Discussion on Canonical Mapping. In the progress of our research, we produced different network designs, one of which was based on PointNet. However, in this research, our aim is to address the problem on both synthetic and real data. As the instances of real data quite likely contain missing pixels (points) plus background clutter, we decided to use PointNet++-based SA modules in our design to improve the robustness of CMD-Net. More discussion on this issue is presented in Section 4.

4. Experiments

In this section, we perform a series of experiments to measure the performance of CMD-Net comparing it with the state-of-the-art approaches. We also analyse our method and present important discussions and findings.

4.1. Dataset and Metric

Dataset. We first evaluated the performance of CMD-Net on the GPDNet dataset [7]. The test set of this dataset was composed of 10 categories selected from ShapeNet [45] repository: airplane, bench, car, chair, lamp, pillow, rifle, sofa, speaker, and table. Each category of the test set involved 10 instances, each of which was subjected to three levels of Gaussian noise: low-level ($\sigma =0.01$), medium-level ($\sigma =0.015$), and high-level ($\sigma =0.02$). Each instance consisted of 30,720 points. Note that, every instance in this dataset was pre-aligned to the canonical space, and there was no rotated instance. Since our method CMD-Net is capable of canonicalizing arbitrarily rotated clouds, we were unable to measure the performance of our method on the GPDNet dataset regarding canonicalization. To this end, we created a new dataset committed to the problem of category-level 3D shape denoising through canonicalization: We first took 10 instances of the airplane category from the GPDNet dataset. Then, we rotated the low-level, mid-level, and high-level noise-corrupted samples (30 in total) of each instance around the x axis (${\theta }_x$), the y axis (${\theta }_y$), and the z axis (${\theta }_z$), respectively. We applied the set $\Theta$ that involved five set of rotations $\Theta ={\left\{({\theta }_{x_i},{\theta }_{y_i},{\theta }_{z_i})\right\}}_{i=1}^5$ where all numbers were in degree:

$$\Theta =\left\{\right(10,10,10),(15,-20,-30),(30,20,40),(50,45,-20),(-20,-20,-20\left)\right\}$$

(11)

After performing the same procedure for 10 categories of the GPDNet dataset, we finally obtained a test set that involved 1500 samples of 100 instances of 10 categories.

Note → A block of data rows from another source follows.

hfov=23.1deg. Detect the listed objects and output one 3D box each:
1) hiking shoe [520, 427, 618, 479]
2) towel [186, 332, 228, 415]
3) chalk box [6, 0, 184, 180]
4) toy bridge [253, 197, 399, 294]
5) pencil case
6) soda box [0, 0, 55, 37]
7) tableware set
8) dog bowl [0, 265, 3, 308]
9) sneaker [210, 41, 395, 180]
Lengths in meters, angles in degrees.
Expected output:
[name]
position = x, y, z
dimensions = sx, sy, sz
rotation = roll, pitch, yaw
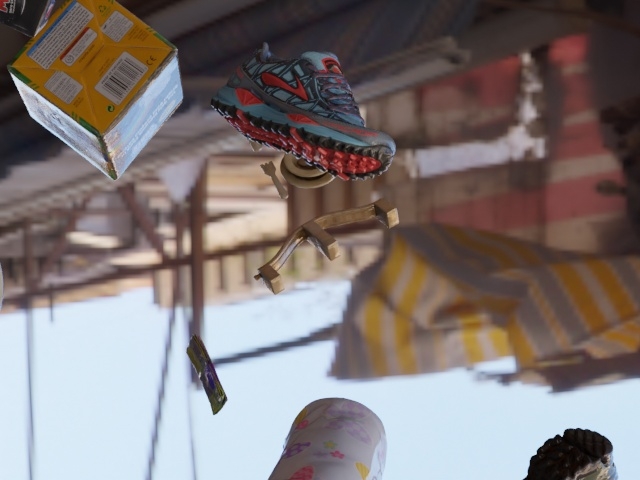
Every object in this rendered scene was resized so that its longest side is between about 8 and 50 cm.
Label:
[hiking shoe]
position = 0.184, 0.272, 1.407
dimensions = 0.086, 0.227, 0.114
rotation = 36, -25, 61
[towel]
position = -0.125, 0.146, 1.709
dimensions = 0.083, 0.009, 0.060
rotation = 65, -23, 15
[chalk box]
position = -0.328, -0.226, 2.356
dimensions = 0.179, 0.180, 0.289
rotation = 37, -13, 6
[toy bridge]
position = 0.000, 0.000, 1.872
dimensions = 0.063, 0.188, 0.026
rotation = 42, -26, 46
[pencil case]
position = -0.009, 0.272, 1.683
dimensions = 0.124, 0.273, 0.113
rotation = 2, -68, 13
[soda box]
position = -0.340, -0.260, 1.519
dimensions = 0.060, 0.169, 0.053
rotation = -82, -163, -70
[tableware set]
position = -0.038, -0.154, 2.327
dimensions = 0.039, 0.128, 0.194
rotation = 86, -21, -49
[dog bowl]
position = -0.607, 0.069, 2.311
dimensions = 0.104, 0.265, 0.265
rotation = -34, -117, 49
[sneaker]
position = -0.010, -0.159, 1.758
dimensions = 0.262, 0.104, 0.125
rotation = 26, -99, 38
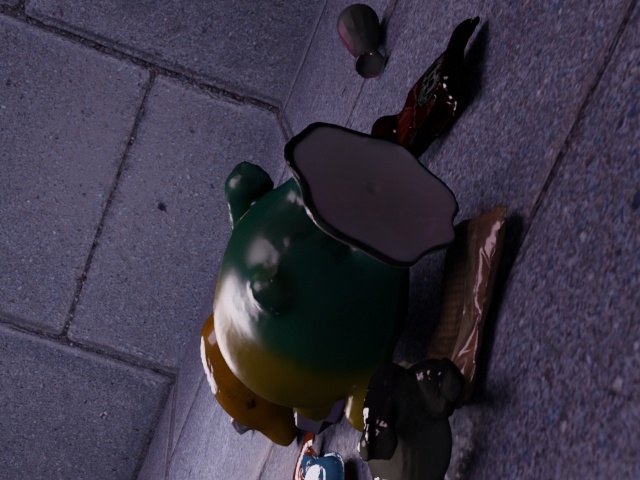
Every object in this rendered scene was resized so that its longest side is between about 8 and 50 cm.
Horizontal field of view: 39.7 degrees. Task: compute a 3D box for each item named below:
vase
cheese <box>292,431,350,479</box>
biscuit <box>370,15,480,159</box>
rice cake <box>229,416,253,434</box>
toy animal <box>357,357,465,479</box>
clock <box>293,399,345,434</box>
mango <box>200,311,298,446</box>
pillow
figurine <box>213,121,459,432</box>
[{"bbox_3d":[0.084,-0.384,1.726,0.214,0.086,0.086,-98,29,-55],"label":"vase"},{"bbox_3d":[-0.003,0.311,1.152,0.256,0.037,0.106,-162,93,-79],"label":"cheese"},{"bbox_3d":[0.141,-0.183,1.198,0.235,0.063,0.151,126,159,-45],"label":"biscuit"},{"bbox_3d":[-0.094,0.200,1.664,0.073,0.056,0.365,-113,44,-69],"label":"rice cake"},{"bbox_3d":[0.076,0.214,0.805,0.121,0.093,0.225,175,96,-87],"label":"toy animal"},{"bbox_3d":[0.009,0.129,1.259,0.186,0.083,0.253,-114,45,-73],"label":"clock"},{"bbox_3d":[-0.109,0.208,1.334,0.157,0.109,0.262,-119,9,-55],"label":"mango"},{"bbox_3d":[0.141,0.070,0.895,0.135,0.034,0.211,154,132,-71],"label":"pillow"},{"bbox_3d":[-0.007,0.055,1.001,0.231,0.323,0.340,-28,-26,-42],"label":"figurine"}]
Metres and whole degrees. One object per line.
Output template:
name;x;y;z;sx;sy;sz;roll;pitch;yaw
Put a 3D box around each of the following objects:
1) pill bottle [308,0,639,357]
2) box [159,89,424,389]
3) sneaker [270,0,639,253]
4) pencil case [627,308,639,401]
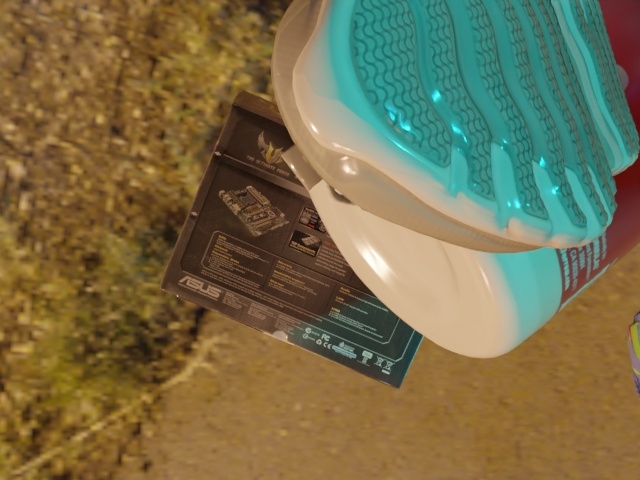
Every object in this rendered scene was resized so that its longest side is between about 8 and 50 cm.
pill bottle;0.201;-0.116;1.199;0.407;0.229;0.229;-38;58;-20
box;0.000;0.000;1.375;0.231;0.056;0.183;22;108;-1
sneaker;0.036;-0.035;0.545;0.115;0.281;0.105;-19;85;19
pencil case;0.183;0.156;0.600;0.133;0.119;0.306;-7;86;34
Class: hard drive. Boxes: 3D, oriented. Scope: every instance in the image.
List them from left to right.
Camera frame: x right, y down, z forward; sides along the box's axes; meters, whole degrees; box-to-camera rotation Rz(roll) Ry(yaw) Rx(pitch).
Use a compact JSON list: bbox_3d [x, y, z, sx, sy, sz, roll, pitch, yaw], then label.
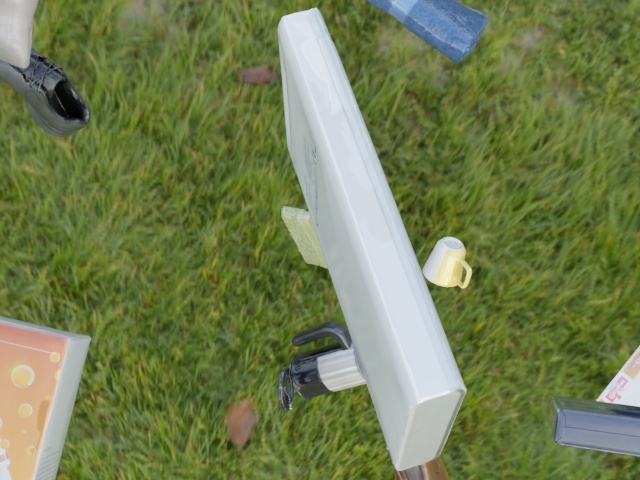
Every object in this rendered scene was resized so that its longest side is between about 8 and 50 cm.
[{"bbox_3d":[0.031,0.005,0.773,0.040,0.203,0.308,-16,66,-7],"label":"hard drive"}]

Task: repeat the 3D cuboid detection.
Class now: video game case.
[{"bbox_3d":[0.256,0.132,0.678,0.196,0.274,0.026,6,85,13],"label":"video game case"}]

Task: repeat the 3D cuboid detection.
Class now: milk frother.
[{"bbox_3d":[0.009,0.222,1.654,0.129,0.134,0.143,49,35,-33],"label":"milk frother"}]

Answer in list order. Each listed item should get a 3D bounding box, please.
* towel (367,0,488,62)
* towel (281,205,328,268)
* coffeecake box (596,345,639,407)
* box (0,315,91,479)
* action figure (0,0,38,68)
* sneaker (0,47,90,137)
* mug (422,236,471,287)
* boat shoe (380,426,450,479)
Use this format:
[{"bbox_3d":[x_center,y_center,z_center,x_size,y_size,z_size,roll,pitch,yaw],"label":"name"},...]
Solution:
[{"bbox_3d":[0.082,-0.198,0.836,0.119,0.029,0.067,36,38,2],"label":"towel"},{"bbox_3d":[0.000,0.000,1.653,0.110,0.148,0.027,11,56,36],"label":"towel"},{"bbox_3d":[0.499,0.227,1.378,0.142,0.068,0.185,-54,43,7],"label":"coffeecake box"},{"bbox_3d":[-0.516,0.293,1.557,0.214,0.168,0.346,13,84,-1],"label":"box"},{"bbox_3d":[-0.070,-0.240,0.461,0.341,0.178,0.330,39,72,-6],"label":"action figure"},{"bbox_3d":[-0.511,-0.299,1.760,0.286,0.130,0.109,42,70,-29],"label":"sneaker"},{"bbox_3d":[0.207,0.033,1.578,0.078,0.064,0.062,23,34,13],"label":"mug"},{"bbox_3d":[0.145,0.347,1.497,0.073,0.073,0.207,-8,82,-56],"label":"boat shoe"}]
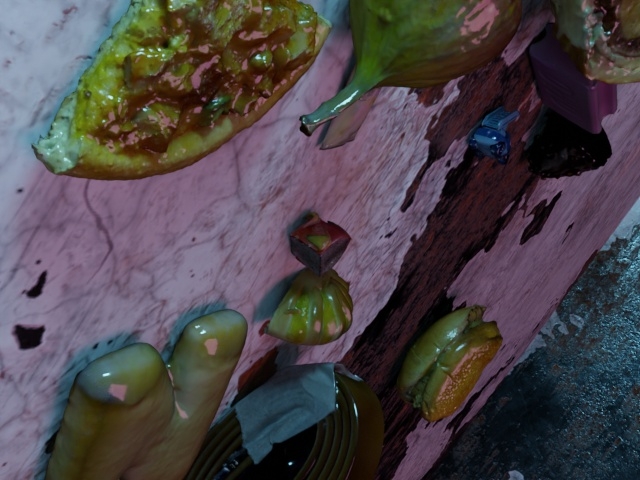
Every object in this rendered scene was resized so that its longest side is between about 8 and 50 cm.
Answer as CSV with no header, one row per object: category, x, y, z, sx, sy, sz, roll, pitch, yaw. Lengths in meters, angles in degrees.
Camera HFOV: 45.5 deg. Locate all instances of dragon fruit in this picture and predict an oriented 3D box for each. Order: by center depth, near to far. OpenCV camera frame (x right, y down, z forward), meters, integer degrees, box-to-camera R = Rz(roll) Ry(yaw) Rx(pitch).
dragon fruit,0.000,0.000,0.924,0.060,0.056,0.083,-42,158,-16

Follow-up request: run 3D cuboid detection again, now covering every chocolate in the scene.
chocolate,0.439,-0.171,1.412,0.133,0.156,0.156,-35,170,39

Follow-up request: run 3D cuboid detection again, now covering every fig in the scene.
fig,0.066,-0.196,0.699,0.230,0.143,0.160,-27,157,9

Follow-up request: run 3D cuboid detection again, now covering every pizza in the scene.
pizza,-0.085,-0.142,0.577,0.292,0.058,0.197,-34,150,-35

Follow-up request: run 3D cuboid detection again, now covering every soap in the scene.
soap,0.400,-0.251,1.201,0.065,0.122,0.203,-52,155,4

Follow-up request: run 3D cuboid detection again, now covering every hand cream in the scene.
hand cream,0.043,-0.156,0.813,0.061,0.039,0.143,-28,151,-46

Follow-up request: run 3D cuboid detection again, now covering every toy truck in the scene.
toy truck,0.274,-0.169,1.181,0.090,0.056,0.073,-63,150,-5

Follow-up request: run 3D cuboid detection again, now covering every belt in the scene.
belt,-0.056,0.323,1.079,0.339,0.217,0.122,-48,150,0

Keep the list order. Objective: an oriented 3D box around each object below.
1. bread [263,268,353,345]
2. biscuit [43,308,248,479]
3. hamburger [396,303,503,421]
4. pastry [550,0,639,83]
bread,-0.005,0.093,1.004,0.157,0.094,0.083,-8,136,-46
biscuit,-0.201,0.215,0.861,0.237,0.062,0.291,-16,139,-54
hamburger,0.260,0.255,1.629,0.156,0.144,0.283,14,110,-53
pastry,0.408,-0.346,1.014,0.256,0.170,0.237,-19,136,-27
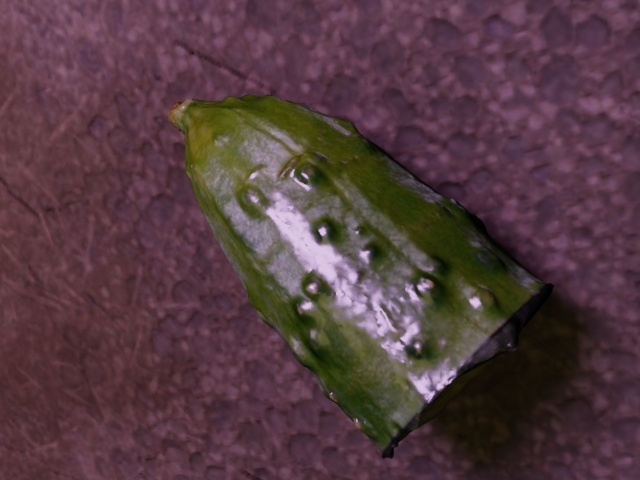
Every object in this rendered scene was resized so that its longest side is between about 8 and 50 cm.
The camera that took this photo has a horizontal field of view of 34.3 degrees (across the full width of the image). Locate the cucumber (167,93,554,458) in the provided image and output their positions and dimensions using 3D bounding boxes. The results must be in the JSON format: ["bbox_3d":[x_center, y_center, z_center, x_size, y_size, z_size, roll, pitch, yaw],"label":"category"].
[{"bbox_3d":[0.002,-0.003,0.584,0.244,0.134,0.134,42,120,13],"label":"cucumber"}]
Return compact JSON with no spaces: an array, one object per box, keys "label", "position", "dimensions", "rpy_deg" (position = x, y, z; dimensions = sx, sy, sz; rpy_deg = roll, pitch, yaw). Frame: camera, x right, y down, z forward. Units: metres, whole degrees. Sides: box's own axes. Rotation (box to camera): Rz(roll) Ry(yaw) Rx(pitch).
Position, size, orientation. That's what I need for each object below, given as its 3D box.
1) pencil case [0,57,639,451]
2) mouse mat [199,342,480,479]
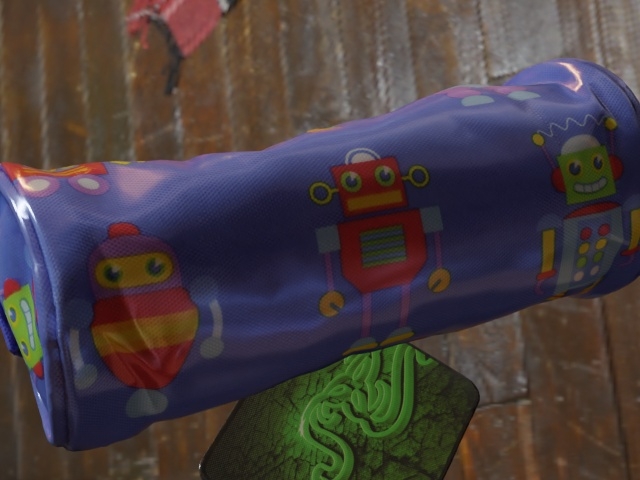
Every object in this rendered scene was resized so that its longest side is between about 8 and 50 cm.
[{"label":"pencil case","position":[0.000,0.000,0.571],"dimensions":[0.133,0.306,0.119],"rpy_deg":[-10,93,67]},{"label":"mouse mat","position":[0.019,0.131,0.893],"dimensions":[0.152,0.190,0.007],"rpy_deg":[31,139,1]}]
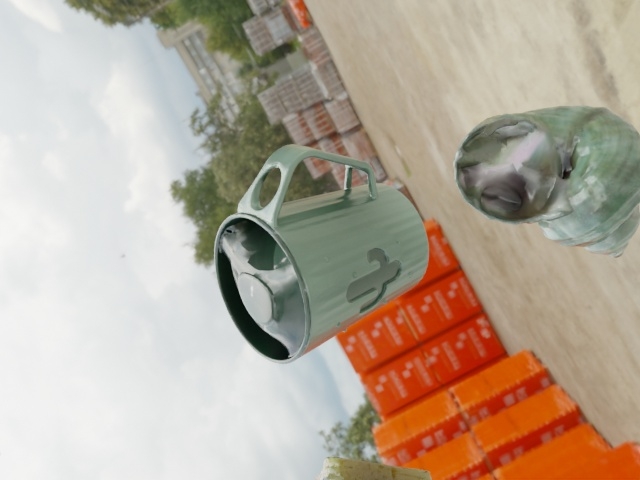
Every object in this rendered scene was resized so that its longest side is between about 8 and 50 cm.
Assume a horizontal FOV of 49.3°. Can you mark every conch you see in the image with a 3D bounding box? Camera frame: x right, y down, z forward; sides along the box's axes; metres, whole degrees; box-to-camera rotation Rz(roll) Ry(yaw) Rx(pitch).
[{"bbox_3d":[0.320,-0.081,0.921,0.277,0.220,0.195,43,167,-15],"label":"conch"}]

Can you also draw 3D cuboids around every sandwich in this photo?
[{"bbox_3d":[0.113,0.566,1.591,0.226,0.251,0.087,104,175,-57],"label":"sandwich"}]

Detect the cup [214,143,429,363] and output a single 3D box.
[{"bbox_3d":[0.014,0.018,1.438,0.310,0.392,0.401,48,139,26],"label":"cup"}]
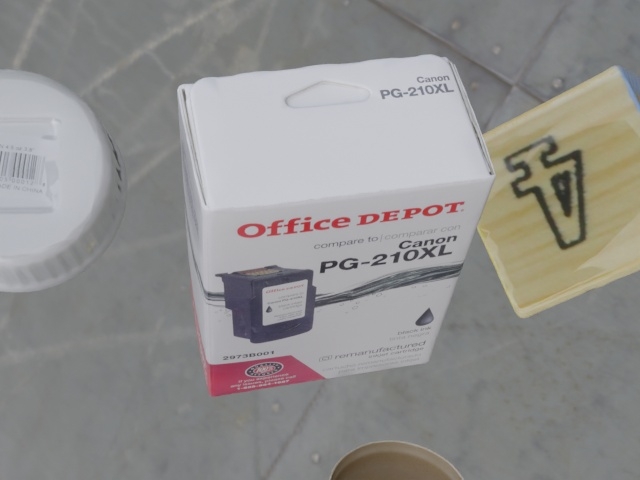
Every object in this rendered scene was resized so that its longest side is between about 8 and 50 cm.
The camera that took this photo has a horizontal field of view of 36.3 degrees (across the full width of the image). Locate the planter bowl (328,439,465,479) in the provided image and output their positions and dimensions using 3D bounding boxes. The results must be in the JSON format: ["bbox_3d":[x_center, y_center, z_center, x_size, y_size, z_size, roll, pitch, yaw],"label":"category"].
[{"bbox_3d":[0.084,0.325,1.119,0.162,0.162,0.109,49,143,44],"label":"planter bowl"}]

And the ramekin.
[{"bbox_3d":[-0.384,-0.079,1.225,0.135,0.277,0.277,135,144,-77],"label":"ramekin"}]

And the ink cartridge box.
[{"bbox_3d":[0.000,0.000,0.653,0.237,0.172,0.100,98,162,-55],"label":"ink cartridge box"}]

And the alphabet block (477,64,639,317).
[{"bbox_3d":[0.280,-0.049,1.035,0.197,0.192,0.193,-27,80,26],"label":"alphabet block"}]
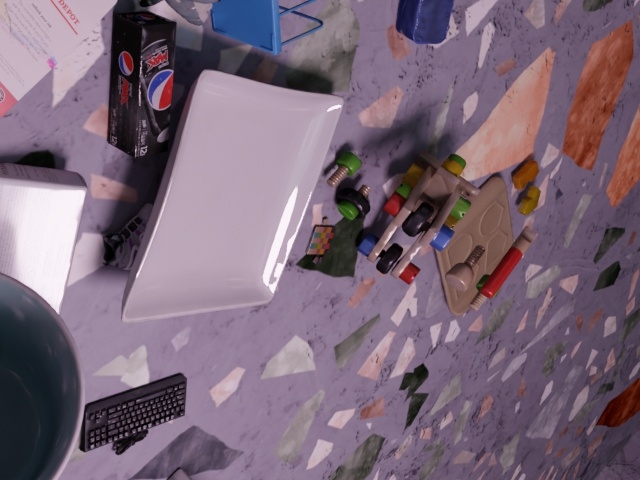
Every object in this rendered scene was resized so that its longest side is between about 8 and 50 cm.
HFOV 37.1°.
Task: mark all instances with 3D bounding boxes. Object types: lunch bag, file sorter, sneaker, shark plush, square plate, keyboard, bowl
[{"bbox_3d":[0.159,-0.358,1.476,0.067,0.065,0.098,-4,119,-30],"label":"lunch bag"},{"bbox_3d":[-0.067,-0.342,1.190,0.104,0.118,0.170,-34,136,-35],"label":"file sorter"},{"bbox_3d":[-0.258,-0.006,1.261,0.069,0.038,0.098,9,106,-52],"label":"sneaker"},{"bbox_3d":[-0.189,-0.296,1.136,0.161,0.073,0.067,-7,150,-51],"label":"shark plush"},{"bbox_3d":[-0.123,-0.060,1.335,0.344,0.049,0.347,-2,116,-58],"label":"square plate"},{"bbox_3d":[-0.279,0.272,1.439,0.180,0.023,0.108,-13,124,-42],"label":"keyboard"},{"bbox_3d":[-0.407,0.196,1.039,0.311,0.311,0.163,-42,167,-22],"label":"bowl"}]

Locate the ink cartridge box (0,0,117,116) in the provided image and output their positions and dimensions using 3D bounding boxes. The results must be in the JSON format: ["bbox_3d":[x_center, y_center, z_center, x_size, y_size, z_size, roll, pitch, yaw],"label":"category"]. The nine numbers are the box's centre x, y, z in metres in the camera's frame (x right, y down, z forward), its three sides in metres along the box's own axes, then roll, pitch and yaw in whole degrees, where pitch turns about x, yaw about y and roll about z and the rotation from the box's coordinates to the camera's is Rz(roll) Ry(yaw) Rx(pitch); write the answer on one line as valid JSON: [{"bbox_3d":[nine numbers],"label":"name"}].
[{"bbox_3d":[-0.324,-0.236,1.009,0.198,0.067,0.115,-47,142,-13],"label":"ink cartridge box"}]

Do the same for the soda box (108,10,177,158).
[{"bbox_3d":[-0.218,-0.190,1.165,0.053,0.060,0.168,-20,128,-44],"label":"soda box"}]

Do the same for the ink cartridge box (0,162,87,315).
[{"bbox_3d":[-0.404,0.001,1.109,0.232,0.066,0.189,7,110,-28],"label":"ink cartridge box"}]

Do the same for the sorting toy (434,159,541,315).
[{"bbox_3d":[0.342,-0.018,1.938,0.307,0.041,0.229,-42,135,-21],"label":"sorting toy"}]

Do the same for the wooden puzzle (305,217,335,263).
[{"bbox_3d":[0.000,0.000,1.583,0.049,0.006,0.083,1,113,-49],"label":"wooden puzzle"}]

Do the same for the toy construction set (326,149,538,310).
[{"bbox_3d":[0.215,-0.052,1.573,0.237,0.309,0.257,-49,150,-21],"label":"toy construction set"}]

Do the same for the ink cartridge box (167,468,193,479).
[{"bbox_3d":[-0.193,0.450,1.562,0.056,0.135,0.099,-44,140,-14],"label":"ink cartridge box"}]
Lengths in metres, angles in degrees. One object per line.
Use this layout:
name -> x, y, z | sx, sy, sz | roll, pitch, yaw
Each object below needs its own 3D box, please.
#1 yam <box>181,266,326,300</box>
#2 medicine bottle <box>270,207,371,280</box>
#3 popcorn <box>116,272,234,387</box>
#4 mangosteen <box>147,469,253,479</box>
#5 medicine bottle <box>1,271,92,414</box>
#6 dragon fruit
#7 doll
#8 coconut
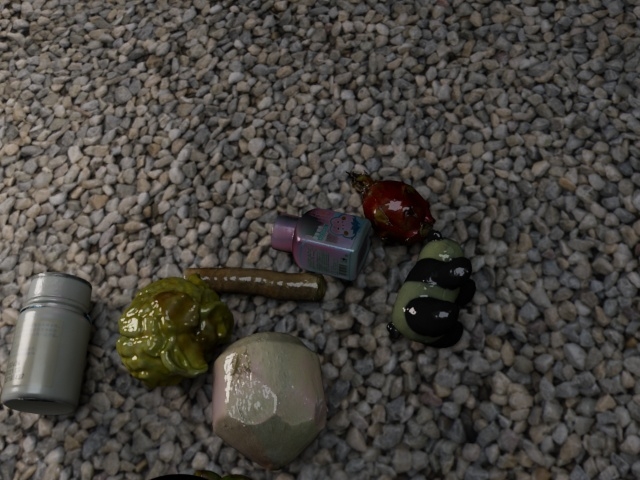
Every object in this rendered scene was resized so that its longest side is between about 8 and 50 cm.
yam -> -0.140, 0.087, 1.523 | 0.300, 0.066, 0.066 | 3, 64, 9
medicine bottle -> 0.000, 0.000, 1.520 | 0.188, 0.094, 0.119 | 13, 43, 14
popcorn -> -0.269, 0.170, 1.409 | 0.235, 0.181, 0.217 | -39, 25, -30
mangosteen -> -0.214, 0.512, 1.189 | 0.330, 0.330, 0.329 | -2, 63, 5
medicine bottle -> -0.528, 0.202, 1.460 | 0.144, 0.143, 0.257 | -1, 64, 6
dragon fruit -> 0.134, -0.081, 1.560 | 0.125, 0.125, 0.246 | -45, 50, 5
doll -> 0.224, 0.097, 1.437 | 0.135, 0.143, 0.234 | 17, 67, 21
coconut -> -0.091, 0.290, 1.333 | 0.224, 0.224, 0.233 | -7, 51, 3

We call this dataset the “CMD-Net dataset”, and will make it publicly available. Sample instances are shown in Figure 4.

Metric. We evaluated the denoising performance of the proposed method using the Chamfer Measure (cloud-to-cloud distance) [7] that produces the score C2C for the average distance of the denoised points ${\mathbf{H}}_u^{can}$ from the ground truth cloud of the underlying surface ${\mathbf{C}}^{can}$:

$$C2C=\frac{1}{2M}\left[\sum _{i=1}^M\underset{j}{min}{\mid \mid {\mathbf{u}}_i-{\mathbf{c}}_j\mid \mid }_2^2+\sum _{j=1}^M\underset{i}{min}{\mid \mid {\mathbf{u}}_i-{\mathbf{c}}_j\mid \mid }_2^2\right],{\mathbf{u}}_i\in {\mathbf{H}}_u^{can},{\mathbf{c}}_j\in {\mathbf{C}}^{can}.$$

(12)

The lower the score of C2C, the better the denoising performance of the method is.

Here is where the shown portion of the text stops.